Activity:
Line tally for the word "Proverbs": count the lines below that contain it and reply with the number alone.

Stored data
- - -
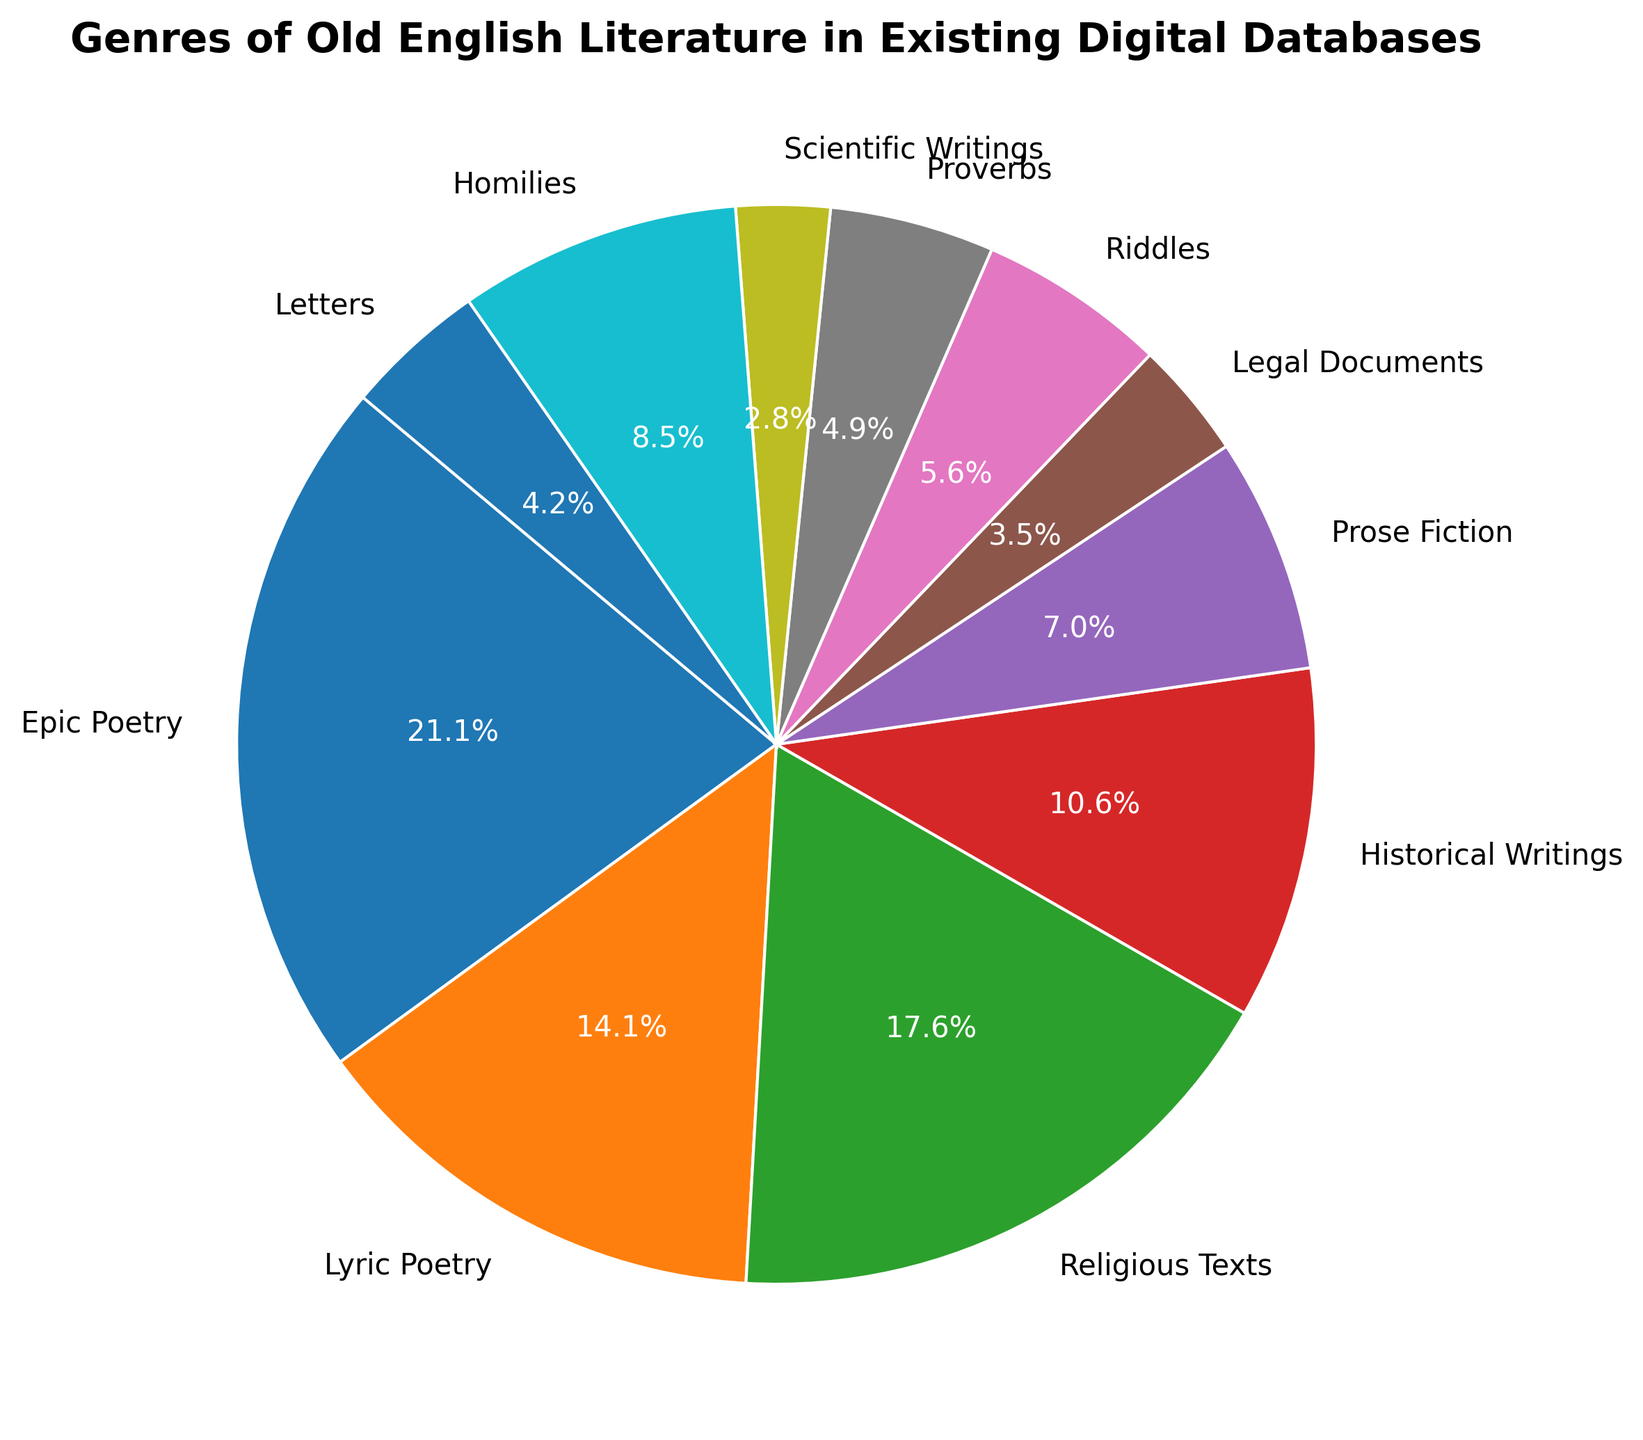What percentage of the genres are accounted for by Epic Poetry and Religious Texts combined? Epic Poetry takes up 30% and Religious Texts take up 25%. Adding these, we get 30% + 25% = 55%.
Answer: 55% How does the proportion of Historical Writings compare to that of Lyric Poetry? Lyric Poetry accounts for 20%, while Historical Writings account for 15%. Since 20% is greater than 15%, Lyric Poetry has a larger proportion.
Answer: Lyric Poetry is greater Which genre has the smallest representation in the pie chart? Scientific Writings has the smallest slice, representing 4%.
Answer: Scientific Writings If you combine the counts of Lyric Poetry, Proverbs, and Letters, what is their total percentage? Lyric Poetry has 20%, Proverbs 7%, and Letters 6%. Summing these, we get 20% + 7% + 6% = 33%.
Answer: 33% How many more genres have percentages less than 10% compared to those with 10% or more? Genres under 10%: Legal Documents, Riddles, Proverbs, Scientific Writings, Homilies, and Letters (6 genres). Genres with 10% or more: Epic Poetry, Lyric Poetry, Religious Texts, Historical Writings, and Prose Fiction (5 genres). The difference is 6 - 5 = 1.
Answer: 1 more Which genre is visually nearest to Prose Fiction in representation? Homilies, with its 12%, is visually closest to Prose Fiction, which has 10%.
Answer: Homilies Does any genre account for exactly one-fourth (25%) of the representation in the pie chart? Yes, Religious Texts account for exactly 25% of the representation.
Answer: Religious Texts What is the difference in representation between Epic Poetry and Prose Fiction? Epic Poetry represents 30%, and Prose Fiction represents 10%. The difference is 30% - 10% = 20%.
Answer: 20% Comparing Riddles and Homilies, which is represented more, and by how much? Riddles account for 8% while Homilies account for 12%. The difference is 12% - 8% = 4%. Homilies are represented more by 4%.
Answer: Homilies by 4% 
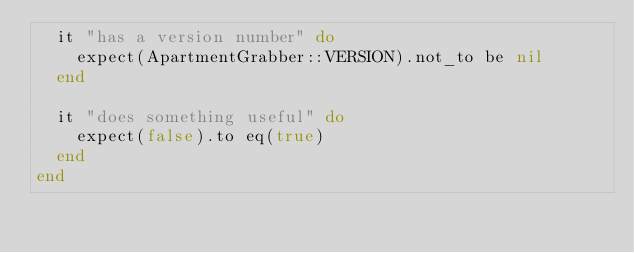Convert code to text. <code><loc_0><loc_0><loc_500><loc_500><_Ruby_>  it "has a version number" do
    expect(ApartmentGrabber::VERSION).not_to be nil
  end

  it "does something useful" do
    expect(false).to eq(true)
  end
end
</code> 
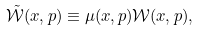Convert formula to latex. <formula><loc_0><loc_0><loc_500><loc_500>\tilde { \mathcal { W } } ( x , p ) \equiv \mu ( x , p ) { \mathcal { W } } ( x , p ) ,</formula>
- - -
Output:
2